# Fishing Lure Build



## ghost1066 (Jan 4, 2014)

I am going to do a how to on top water baits and want to know if folks want me to include painting and finishing. I'm sure most will but just want to see what I need to write up. I can include painting with or without an airbrush so people that don't have one can paint baits that look great, too. Some of you have looked at the lures I posted and some of those were painted with nothing but rattle cans. 

Let me know what you want and I will get it started.

Reactions: Like 5


----------



## Dane Fuller (Jan 4, 2014)

Take it from chunk-o-wood to the fish fry, Ghost!

Reactions: Like 5


----------



## jmurray (Jan 4, 2014)

I've never subscibed to a thread. Congrats you broke me.

Reactions: Like 2


----------



## Wildthings (Jan 4, 2014)

I want it all!!

Reactions: Like 1


----------



## Shagee415 (Jan 4, 2014)

Man this will be awesome for sure. Thanks alot. Cant wait!!!!!


----------



## DKMD (Jan 4, 2014)

Yep... What Dane said!


----------



## ripjack13 (Jan 4, 2014)

all of the above please....and thank you!

Reactions: Like 1


----------



## samm47 (Jan 5, 2014)

I am ready lets go...

Reactions: Like 1


----------



## ghost1066 (Jan 5, 2014)

Here we go I had the first part on my site so I am using part of it here. I left the story in just for fun hope you like it. Since not all of us have a lathe the first segment will be making a bait without one but I will do a post turning the lures, too.

Nostalgia in Cedar

I’m not a fly fisherman, I don’t tie flies, I do appreciate the artistry of the sport and the amazing art in the flies. I’m not a fly fisherman. I am an artist and sometimes woodworker, oh yeah and old. I remember when the original Big O came out. Hand carved, fat bellied crank bait that took bass fishermen by storm. We were just kids, along with my buddies, Brian and Keith, the twins, we drooled over magazines showing this new wonder bait. Not having a great deal of money but with time and inventive minds we set about making our own version of wooden crank baits.

Brian came up with a couple of slab sided designs that we caught quite a few fish on in our favorite pond in Shelby Park. This 5 acre pond in the middle of East Nashville was our training grounds, test facility and, just so happened, to hold some really big bass. We learned to cast bait casters there, tried all of the techniques we found in the books and caught many a big fish where people thought there was nothing but little bluegill. I caught my first 2 pound bass in the moat like channel that surrounds the lone island. When we carved a new bait this was the first place it hit the water.

Time went on, our income increased so the need to carve baits wasn’t an issue. We had tackle boxes full of everything we wanted so our carving days pretty much ended. Still over time I repaired, repainted and at times, carved wooden baits.
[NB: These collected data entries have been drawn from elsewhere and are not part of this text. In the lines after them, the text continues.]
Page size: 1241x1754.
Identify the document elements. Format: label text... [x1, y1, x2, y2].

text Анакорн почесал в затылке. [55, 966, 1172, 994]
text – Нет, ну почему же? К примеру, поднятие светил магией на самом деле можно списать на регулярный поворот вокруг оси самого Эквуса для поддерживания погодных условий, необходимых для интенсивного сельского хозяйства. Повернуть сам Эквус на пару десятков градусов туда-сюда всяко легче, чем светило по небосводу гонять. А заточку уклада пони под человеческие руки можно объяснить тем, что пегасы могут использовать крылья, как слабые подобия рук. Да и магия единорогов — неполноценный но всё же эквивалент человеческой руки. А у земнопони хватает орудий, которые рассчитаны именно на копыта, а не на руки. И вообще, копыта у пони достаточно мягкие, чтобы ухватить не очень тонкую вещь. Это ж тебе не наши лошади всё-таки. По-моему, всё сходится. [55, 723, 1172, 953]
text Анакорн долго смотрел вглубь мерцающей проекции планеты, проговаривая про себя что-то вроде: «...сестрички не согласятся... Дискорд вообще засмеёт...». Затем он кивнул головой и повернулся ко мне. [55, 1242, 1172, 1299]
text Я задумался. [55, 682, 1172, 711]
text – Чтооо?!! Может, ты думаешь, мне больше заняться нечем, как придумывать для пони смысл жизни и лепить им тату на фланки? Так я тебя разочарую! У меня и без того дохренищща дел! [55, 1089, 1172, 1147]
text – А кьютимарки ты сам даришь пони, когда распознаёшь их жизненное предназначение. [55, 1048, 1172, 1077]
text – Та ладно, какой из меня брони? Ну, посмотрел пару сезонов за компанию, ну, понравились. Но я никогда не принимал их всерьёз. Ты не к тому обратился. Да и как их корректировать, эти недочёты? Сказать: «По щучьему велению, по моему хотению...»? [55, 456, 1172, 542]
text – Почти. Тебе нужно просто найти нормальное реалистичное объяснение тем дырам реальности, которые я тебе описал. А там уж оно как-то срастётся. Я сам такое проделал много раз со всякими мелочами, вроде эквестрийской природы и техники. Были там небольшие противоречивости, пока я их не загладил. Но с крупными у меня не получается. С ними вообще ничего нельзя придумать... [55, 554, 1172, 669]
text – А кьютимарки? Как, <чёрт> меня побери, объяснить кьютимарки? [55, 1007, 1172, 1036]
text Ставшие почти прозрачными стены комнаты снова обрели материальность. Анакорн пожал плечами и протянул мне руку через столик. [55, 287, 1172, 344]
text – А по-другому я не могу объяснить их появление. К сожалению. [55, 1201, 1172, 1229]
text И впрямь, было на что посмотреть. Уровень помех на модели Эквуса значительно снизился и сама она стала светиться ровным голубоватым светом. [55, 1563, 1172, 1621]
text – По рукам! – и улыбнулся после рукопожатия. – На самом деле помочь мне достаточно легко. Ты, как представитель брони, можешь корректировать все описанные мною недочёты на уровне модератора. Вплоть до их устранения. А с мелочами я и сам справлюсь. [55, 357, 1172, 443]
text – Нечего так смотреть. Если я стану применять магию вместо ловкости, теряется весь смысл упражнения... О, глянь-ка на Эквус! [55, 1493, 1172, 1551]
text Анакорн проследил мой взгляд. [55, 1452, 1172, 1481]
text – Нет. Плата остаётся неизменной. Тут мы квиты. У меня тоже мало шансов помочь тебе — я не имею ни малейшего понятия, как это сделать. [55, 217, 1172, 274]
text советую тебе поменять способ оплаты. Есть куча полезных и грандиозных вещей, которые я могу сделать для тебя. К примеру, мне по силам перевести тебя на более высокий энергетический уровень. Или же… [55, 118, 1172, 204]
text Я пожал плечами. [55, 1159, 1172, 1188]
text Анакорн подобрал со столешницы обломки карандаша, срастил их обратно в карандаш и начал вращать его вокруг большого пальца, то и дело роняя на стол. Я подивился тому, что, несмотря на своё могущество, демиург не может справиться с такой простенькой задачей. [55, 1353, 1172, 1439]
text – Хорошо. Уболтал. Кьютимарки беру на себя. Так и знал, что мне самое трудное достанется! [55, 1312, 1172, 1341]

What does this have to do with not being a fly fisherman? Well, they tie flies and several people I know have been showing off their flies. What happens when their beautiful work inspires you? I decided since I can’t tie flies, to revisit my youth, carve a quick top water bait and show folks how it’s done including a paint job.
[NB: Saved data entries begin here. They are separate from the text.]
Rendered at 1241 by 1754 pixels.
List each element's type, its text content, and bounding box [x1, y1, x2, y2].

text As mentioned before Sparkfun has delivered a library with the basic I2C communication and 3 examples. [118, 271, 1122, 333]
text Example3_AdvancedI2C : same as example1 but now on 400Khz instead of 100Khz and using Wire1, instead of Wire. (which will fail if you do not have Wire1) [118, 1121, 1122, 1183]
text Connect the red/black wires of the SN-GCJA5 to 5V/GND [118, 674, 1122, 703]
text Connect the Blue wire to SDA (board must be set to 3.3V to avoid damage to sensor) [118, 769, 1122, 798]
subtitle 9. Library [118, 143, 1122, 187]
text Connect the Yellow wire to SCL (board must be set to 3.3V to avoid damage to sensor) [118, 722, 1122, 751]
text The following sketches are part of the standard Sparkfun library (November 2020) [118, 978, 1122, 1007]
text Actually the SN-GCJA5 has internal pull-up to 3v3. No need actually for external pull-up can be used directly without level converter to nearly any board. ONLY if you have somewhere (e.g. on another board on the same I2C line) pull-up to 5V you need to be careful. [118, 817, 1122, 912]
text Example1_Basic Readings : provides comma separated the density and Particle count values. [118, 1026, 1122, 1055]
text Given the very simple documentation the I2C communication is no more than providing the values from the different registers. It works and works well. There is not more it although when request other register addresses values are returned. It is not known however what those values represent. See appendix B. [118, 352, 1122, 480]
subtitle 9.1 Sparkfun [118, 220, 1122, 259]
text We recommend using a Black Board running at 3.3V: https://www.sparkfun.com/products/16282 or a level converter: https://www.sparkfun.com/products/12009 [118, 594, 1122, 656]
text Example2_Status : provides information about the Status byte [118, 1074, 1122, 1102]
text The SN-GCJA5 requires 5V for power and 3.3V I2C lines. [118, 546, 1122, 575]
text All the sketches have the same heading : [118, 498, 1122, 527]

Living where I do cedar is almost considered a weed. It is everywhere and either free or cheap. I make a type of cedar box so I always have plenty of aged stock on hand. The good part about baits, being small you can use scrap wood that normally goes to waste.I grabbed a cutoff laying in the shop and split it using a hammer and wood chisel. Then headed over to the band saw to get rid of the sap wood and start shaping.



 



 



 

This bait is a simple cigar shape used for a double or single prop design. Once it is roughed out on the saw I move to the belt/disc sander for final shaping. This could be done on a lathe but I wanted it to be less than perfect this time, showing it is hand made. I just eyeball the shape, adjusting with the sander until it is very close to what I want. After the sander I use 3 different grits of sand paper to hand sand it into the final shape. Usually from 100 to 220 grit paper. If you do this on the lathe simply turn this shape and you are ready to go but I will go into that more in another post.



 

Once the lure is to this point it is ready to seal. I use spray primer but a sand and seal can be used. One trick I use at times is to dip them in wipe on poly which gives you a much slicker surface for your paint. Once it is applied lightly sand since it will raise the grain. Another thing you will want to cobble together is a place to hang the baits as they dry look in the pic in my first post I made a simple frame then used copper wire for hooks. I put the screw eyes into the ends now but be sure to drill a pilot hole to keep the screw from breaking I also add some beeswax to the threads.



 

You will need hardware for your lures I buy mine from Jann's Net Craft online. They have almost everything you need for freshwater lures at good prices. The sizes you buy will be determined by the size of the lures but since they are cheap buying several sizes is a good idea. If you are doing saltwater or big muskie baits you will need bigger hardware than Jann's sells I will locate my link for that and post it in the next segment.

Reactions: Like 3


----------



## ironman123 (Jan 5, 2014)

Very informative Tommy. Thanks for sharing with us.

Ray


----------



## Dane Fuller (Jan 5, 2014)

Thanks, Tommy! Jann's is one of my go to places for fly rod parts.


----------



## Kenbo (Jan 5, 2014)

This is an awesome thread. Looking forward to seeing more of it. Thanks for taking the time to post it.


----------



## NYWoodturner (Jan 8, 2014)

Nice thread Tommy. I'd really like to to see the painting step as and detail if you get a chance. This is very informative!
Scott


----------



## rdnkmedic (Jan 8, 2014)

Subscribed.


----------



## ghost1066 (Jan 8, 2014)

Guys the turning segment and painting are coming. It is too cold in the shop right now but should be warm tomorrow so I can get back to it.

Reactions: Like 1


----------